また、ここで言う女性性とは女のことを、そして男性性とは男のことを必ずしも意味してはなく、女のなかにも男性性はあり、男のなかにも女性性はある。
短期記憶障害になった1人の女(ルーシー:ドリュー・バリモア)を、1人の男(ヘンリー:アダム・サンドラー)が求め続ける話。
ルーシーは映画『シックス・センス』を何度観ても、同作のネタバレ的な箇所でいつも「はぁぁ…!」と驚くことになり、プロット的には、その障害がどんなものであるかを可笑しみをこめて描くのと同時に、象徴的には、いつでも世界の鮮やかさを鮮やかなままに受けとる無垢(イノセンス)として描かれてもいる。
そのため、映画としては恋愛のように描かれてはいるものの、映画体験として振り返ってみたときに僕の心を満たしたのは、恋愛感情を枝葉のように振り落としたあとの無垢(イノセンス)の姿だった。
無垢(イノセンス)とは、汚れを知らないことを意味しているのではなく、鮮やかなものを鮮やかなままに感受できる、感受性のことを意味しているように僕には思える。ささやかな経験として言えることは、汚れを知っているからこそ鮮やかに感じられることも数多くある。またそれは間違いなく、明るさのなかにしか姿を現さない。
ヘンリーが何度忘れられたとしても、何度でもルーシーにアプローチした理由はそこにこそあるように感じられ、だからこそヘンリーは、反復するしかない関係を肯定することができた。恋愛感情のもたらすものが、ときとして否定や破壊であることを思ってみるならば、ヘンリーは、彼女に恋をしていたわけではないとも言えるかもしれない。

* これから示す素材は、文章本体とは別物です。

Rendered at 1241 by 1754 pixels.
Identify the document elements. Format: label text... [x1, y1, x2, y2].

ラストに描かれるアラスカの氷の海の上は、おそらくは様々な男女が、それぞれに見てきたものではないだろうか。ビデオレターを撮るように2人の関係を丁寧に確かめあいながら(ヘンリーもまた自分自身で確かめていたはず)、たとえば海洋探索という自分のフィールドで、精一杯に示せる世界を分かち合おうとしながら。

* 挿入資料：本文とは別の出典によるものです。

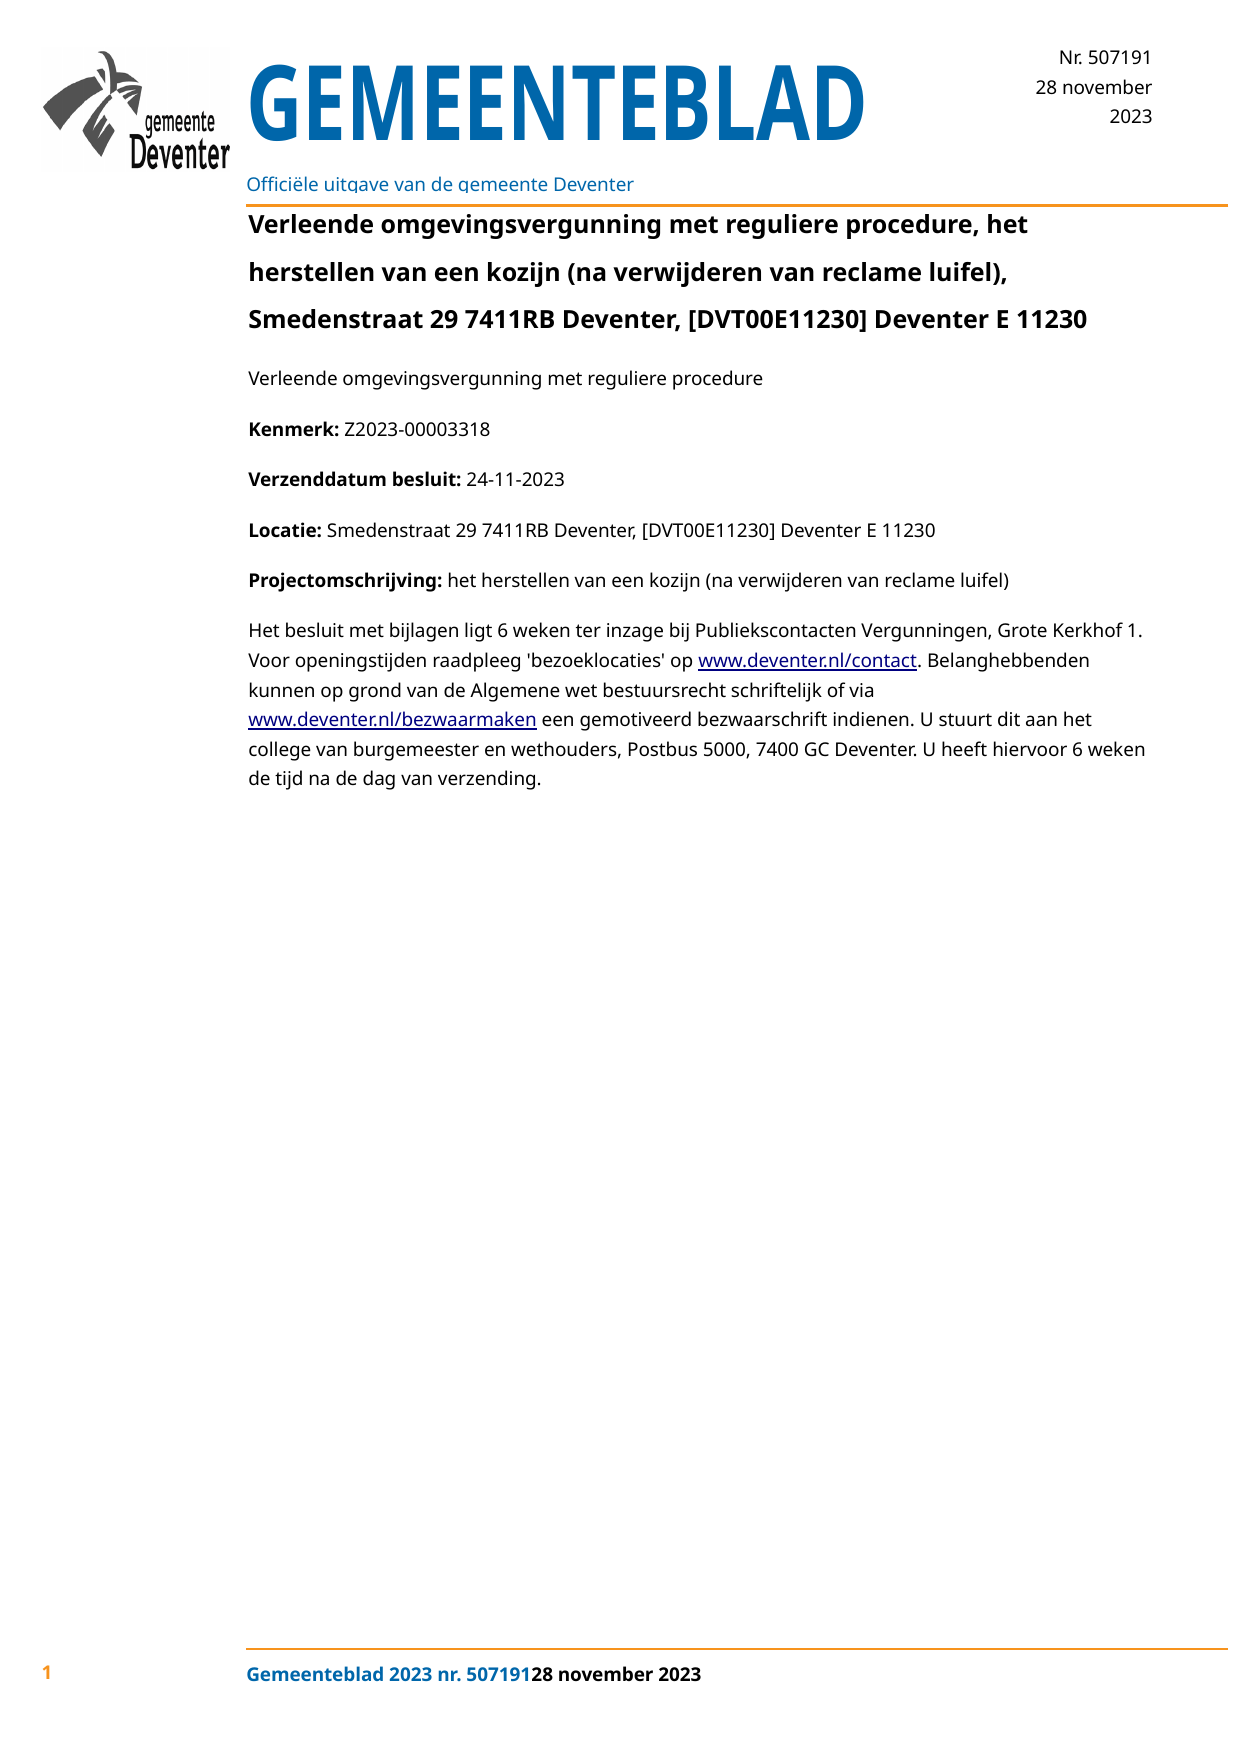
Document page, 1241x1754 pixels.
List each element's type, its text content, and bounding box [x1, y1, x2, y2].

ホモであれ、ヘテロであれ、トランスであれ、性を媒介とする関係のなかでしか姿を現さない世界像はきっとある。そしてヘンリーもルーシーも(僕も)たぶん何度でも思うのは、世界が祝福されたものであるということだろうと思う。反復することを受け入れていった先で、本当の意味での明るさのうちに祝福されていることを。
そして強さとは、何度でもイノセントを蘇らせることであり、明るさを明るさとして受け入れられることのようにも思う。暗い鈍さのなかで、痛みを忘れていくことでは決してない。